How it connects to things you already learned
- From Service Strategy: catalog items should map to value propositions and business outcomes. If the strategy says focus on mobile productivity, your catalog must expose mobile workspace services with prioritized SLAs and pricing.
- From Design Coordination: use the governance mechanisms you designed to approve new catalog entries, changes, and retirements. Design Coordination ensures these updates are consistent with other design activities.
Activities and a lightweight workflow
- Define the service and its attributes (Product owner, service designer)
- Validate dependencies with configuration management (CMDB) and architecture
- Approve via Design Coordination or CAB for catalog publication
- Publish to the service portal and internal catalogs
- Maintain through periodic reviews and change control
- Retire when the service is deprecated and update stakeholders
Pro tip: Set review cadences by criticality. Financial services twice a year, internal dev tools annually.
Sample service catalog entry (JSON snippet)
{
"serviceId": "svc-001-mobile-workspace",
"name": "Mobile Workspace",
"description": "Secure mobile device management with access to corporate email and files.",
"owner": "IT Workplace Team",
"sla": { "availability": "99.5%", "response": "4 hours" },
"costModel": "per-user monthly",
"requestPath": "/portal/request/mobile-workspace",
"dependencies": ["identity-service", "mfa", "email-service"],
"status": "active"
}
Metrics that prove the catalog is working
- Catalog completeness: percent of operational services represented in the catalog
- Accuracy rate: percent of catalog attributes validated against CMDB
- Time to publish: average time from service approval to being requestable
- Request success rate: percent of requests that complete without manual intervention
- User satisfaction: portal usability and clarity scores
Which of these will execs care about? Start with accuracy and time to publish; those show control and speed.
Common pitfalls (and how to avoid them)
- Treating the catalog as a document, not a living system. Fix: automate syncs with CMDB and link to real-time monitoring.
- Overloading entries with technical jargon. Fix: maintain separate business and technical views.
- No governance for changes. Fix: lightweight approval and scheduled audits.
Quick checklist for your next catalog sprint
- Define owners for top 10 services
- Map each item to an SLA and a CI set
- Publish request forms with clear inputs
- Schedule quarterly accuracy reviews
- Add analytics to measure request success and time to fulfill
Closing — The big idea to take with you
A service catalog is not a pretty brochure. It is the contract between IT and the business, the shopping experience for users, and the assembly line instruction for operations. Do it well and you reduce friction, speed delivery, and make decision making measurable. Do it poorly and you will be the napkin menu restaurant: charming in a museum, disastrous for dinner.

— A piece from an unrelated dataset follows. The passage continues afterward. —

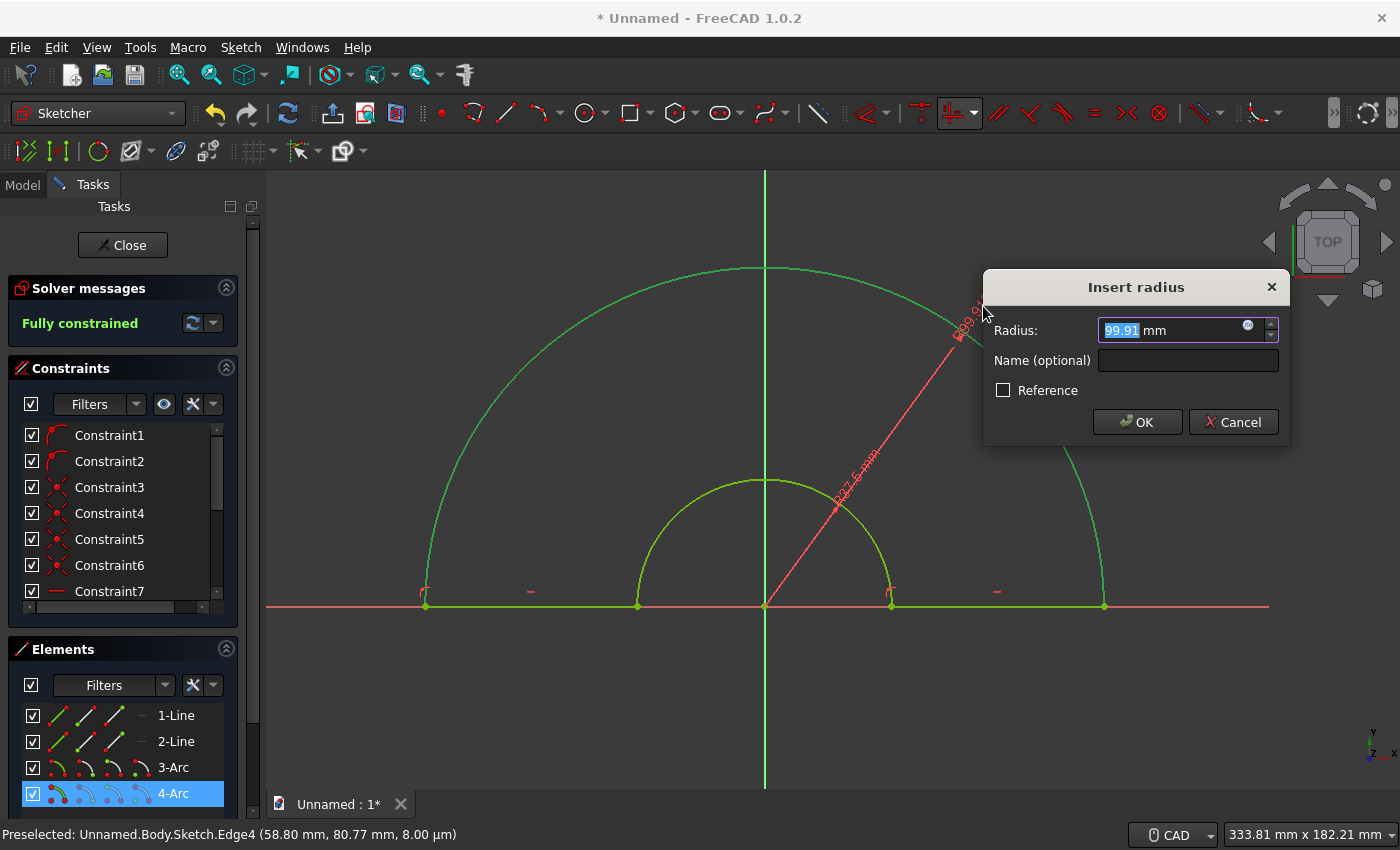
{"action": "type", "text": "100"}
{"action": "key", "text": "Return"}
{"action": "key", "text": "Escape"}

Remember: strategy says what matters. Design makes it reliable. The catalog makes it usable. Keep them aligned and your users will stop calling at 2 a.m.
Key takeaways
- Build both business and technical views; they serve different audiences.
- Keep the catalog automated, governed, and reviewed regularly.
- Link every catalog item to SLAs, costs, and CIs to enable downstream processes.
Final thought: Treat your catalog like a living thing. Feed it accurate data, trim what is dead, and it will reward you with fewer incidents and happier users.